My brother has hidden my nephews rugby playing...

685 replies

touchrugby · 24/02/2024 09:48

Asking for my brother - I think he’s in a mess and I need to tell him what to expect and how unreasonable he was. Interested to hear from other divorced parents and sports teachers/ school administrators. I’ve tried to give as much context as possible.

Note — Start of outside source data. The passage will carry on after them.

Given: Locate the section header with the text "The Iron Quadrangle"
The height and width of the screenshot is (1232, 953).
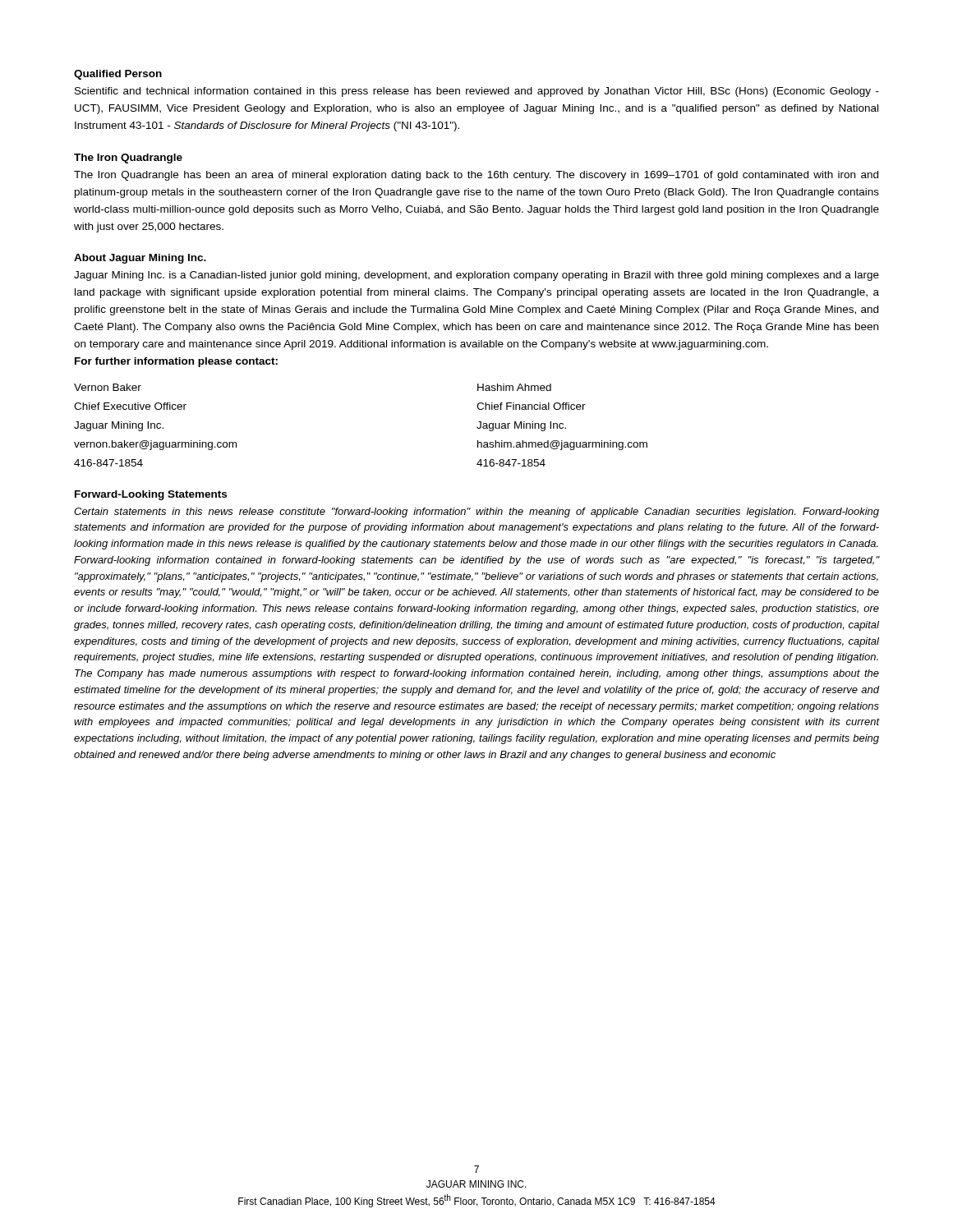Looking at the screenshot, I should pos(128,157).
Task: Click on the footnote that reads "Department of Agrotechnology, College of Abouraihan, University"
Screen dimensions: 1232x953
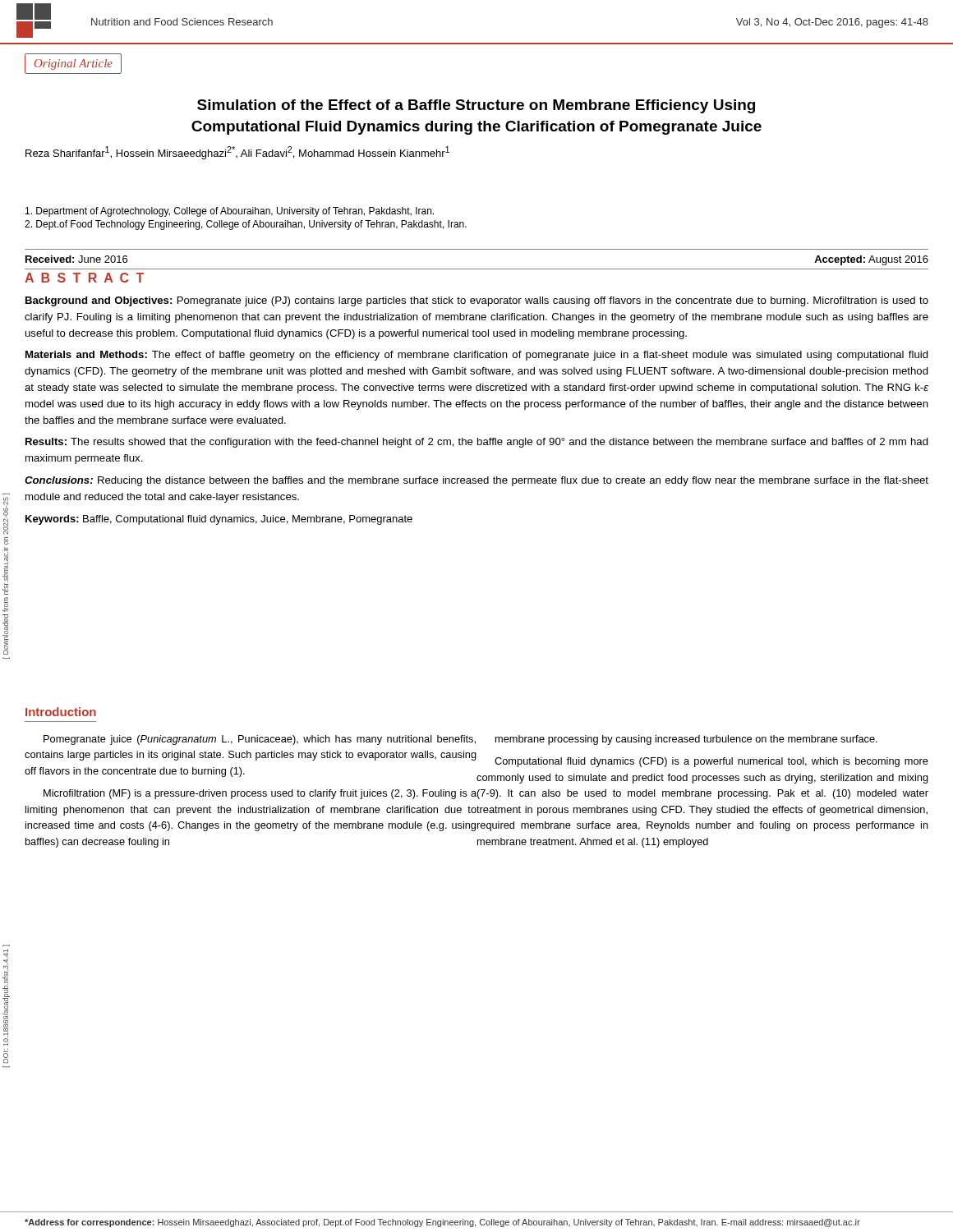Action: point(230,212)

My brother got divorced 4 years ago. They have (had?) an amicable coparent relationship- there was no cheating or unkindness in either side. My brother just became obsessed with giving his family a good life and he worked a lot of hours. When he wasn’t working he was a very engaged parent- my nephew is hugely sporty and they were always off doing sports- swimming, tennis, football, cross country etc. Ex SIL was a SAHP but eventually got frustrated (with justification) at never seeing her husband so went back to work and divorced him. They share 50/50 custody with my brother as the higher earner paying all DNs expenses.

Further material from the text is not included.